- Born: 1974 (age 51–52)
- Education: OCAD University
- Known for: quilter and fabric designer
- Website: libselliott.com

= Libs Elliott =

Canadian quilter and designer

Elizabeth "Libs" Elliott (born 1974) is a Canadian quilter and designer known for her use of procedurally generated geometric quilt designs.

==Work==

Elliott studied textiles at OCAD University (as well as photography at the University of Ottawa and cultural studies at Trent University) but did not start quilting until taking a class in 2009, after a 15-year career in advertising.

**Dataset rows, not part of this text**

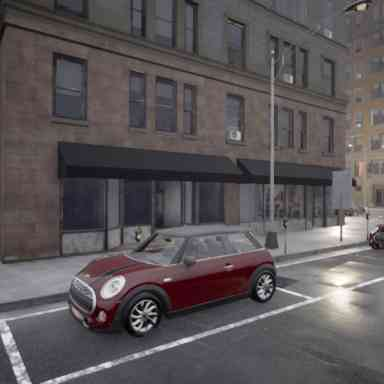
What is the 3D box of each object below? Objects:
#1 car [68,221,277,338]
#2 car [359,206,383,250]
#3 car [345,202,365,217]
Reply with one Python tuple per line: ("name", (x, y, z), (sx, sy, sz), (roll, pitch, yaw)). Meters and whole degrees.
("car", (-0.260, 1.441, 6.577), (4.097, 1.590, 1.967), (0, 0, -36))
("car", (8.673, 1.447, 12.972), (4.097, 1.590, 1.967), (0, 0, -36))
("car", (12.386, 1.257, 29.703), (2.097, 1.767, 4.553), (1, 0, -36))
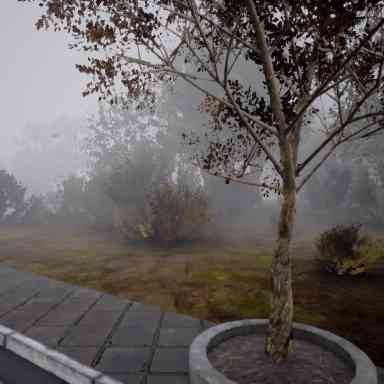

In 2012, she was introduced to the Processing design software by a friend, the digital artist Joshua Davis, and began experimenting with quilts based on random geometric patterns output by the program. Her work has been featured in Canadian Interiors, Casa Vogue Brazil, and Make:; and exhibited at the DesignTO festival, the Wisconsin Museum of Quilts and Fiber Arts, and at the International Quilt Museum. She designs fabric for Andover Fabrics, and sells quilting patterns through her website.

Outside the quilt world, she has designed the branding for a limited-edition Absolut bottle commemorating the 150th anniversary of Canada in 2017, and various patterns for the electronic device case brand GelaSkins.